##### DATA FOR THIS TASK #####

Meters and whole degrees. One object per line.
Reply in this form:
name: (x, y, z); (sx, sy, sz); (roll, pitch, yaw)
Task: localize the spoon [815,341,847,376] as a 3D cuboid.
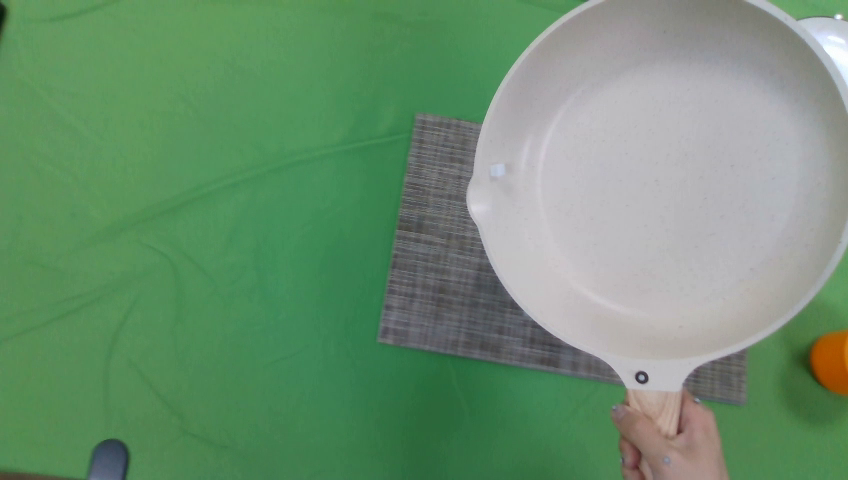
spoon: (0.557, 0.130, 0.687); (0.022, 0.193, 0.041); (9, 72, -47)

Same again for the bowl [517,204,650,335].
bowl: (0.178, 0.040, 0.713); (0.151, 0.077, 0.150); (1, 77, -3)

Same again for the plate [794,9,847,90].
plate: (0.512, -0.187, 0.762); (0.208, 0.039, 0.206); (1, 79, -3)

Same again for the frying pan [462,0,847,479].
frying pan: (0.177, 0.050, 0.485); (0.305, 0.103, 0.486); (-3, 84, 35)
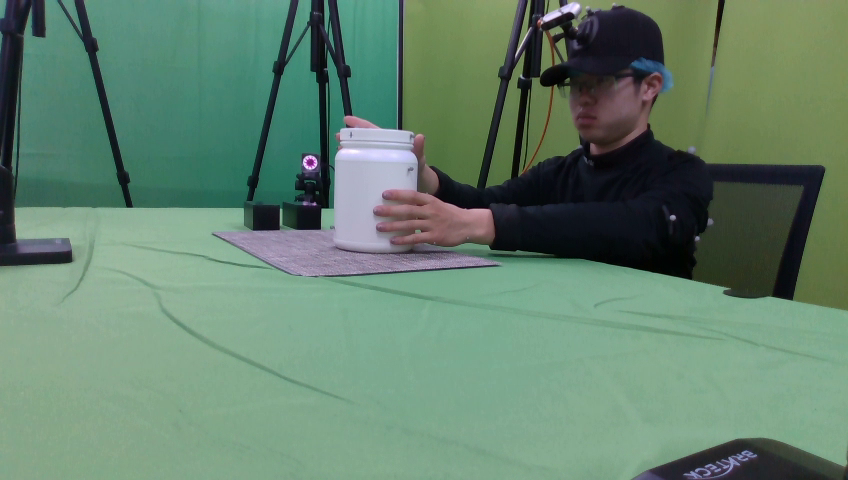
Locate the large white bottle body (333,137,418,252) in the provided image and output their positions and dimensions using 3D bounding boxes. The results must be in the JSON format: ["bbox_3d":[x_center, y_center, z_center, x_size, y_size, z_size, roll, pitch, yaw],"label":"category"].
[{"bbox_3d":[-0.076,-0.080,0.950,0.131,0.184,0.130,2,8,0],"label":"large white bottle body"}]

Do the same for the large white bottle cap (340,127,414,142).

#####

• WHAT NEEDS TO BE DONE: An exact copy is needed of every line from the line containing "Same again for the frying" to the last line of the records; pictures stay out of it.

• SOLUTION TO THIS TASK:
Same again for the frying pan [462,0,847,479].
frying pan: (0.177, 0.050, 0.485); (0.305, 0.103, 0.486); (-3, 84, 35)
Locate the large white bottle body (333,137,418,252) in the provided image and output their positions and dimensions using 3D bounding boxes. The results must be in the JSON format: ["bbox_3d":[x_center, y_center, z_center, x_size, y_size, z_size, roll, pitch, yaw],"label":"category"].
[{"bbox_3d":[-0.076,-0.080,0.950,0.131,0.184,0.130,2,8,0],"label":"large white bottle body"}]

Do the same for the large white bottle cap (340,127,414,142).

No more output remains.